TASK DIRECTIONS — Without altering a word, return the records below, but exclude the pictures.

TASK DATA —
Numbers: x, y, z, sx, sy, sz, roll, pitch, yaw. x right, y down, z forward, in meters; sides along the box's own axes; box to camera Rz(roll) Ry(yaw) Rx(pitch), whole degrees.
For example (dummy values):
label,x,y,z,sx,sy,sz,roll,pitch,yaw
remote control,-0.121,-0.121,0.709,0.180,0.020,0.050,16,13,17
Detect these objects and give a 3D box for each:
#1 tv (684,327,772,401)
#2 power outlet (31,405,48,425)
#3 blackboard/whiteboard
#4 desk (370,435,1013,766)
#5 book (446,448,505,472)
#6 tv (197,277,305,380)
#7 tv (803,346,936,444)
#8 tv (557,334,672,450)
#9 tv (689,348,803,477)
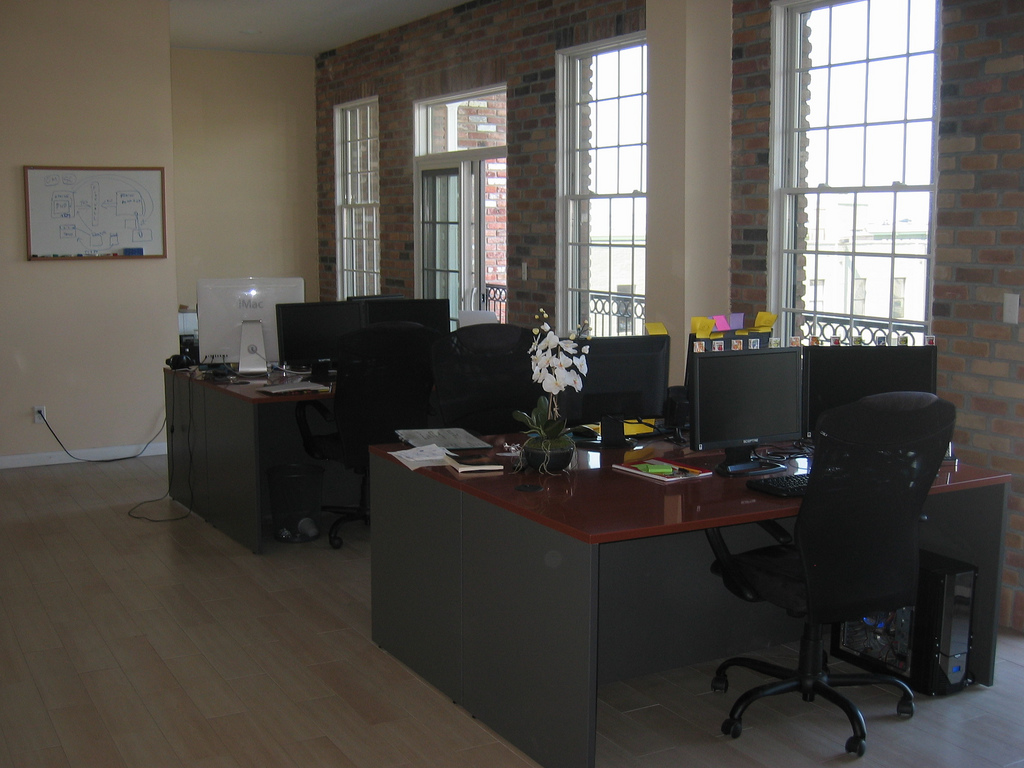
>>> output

THE ANSWER —
Numbers: x, y, z, sx, sy, sz, roll, pitch, yaw. x right, y down, z forward, in meters; sides along the box's own axes; box to camera Rz(roll) Ry(yaw) Rx(pitch), whole degrees.
For example (dummy values):
label,x,y,z,sx,sy,sz,roll,pitch,yaw
remote control,-0.121,-0.121,0.709,0.180,0.020,0.050,16,13,17
Detect these objects and give a 3D box for each:
#1 tv (684,327,772,401)
#2 power outlet (31,405,48,425)
#3 blackboard/whiteboard
#4 desk (370,435,1013,766)
#5 book (446,448,505,472)
#6 tv (197,277,305,380)
#7 tv (803,346,936,444)
#8 tv (557,334,672,450)
#9 tv (689,348,803,477)
>>> output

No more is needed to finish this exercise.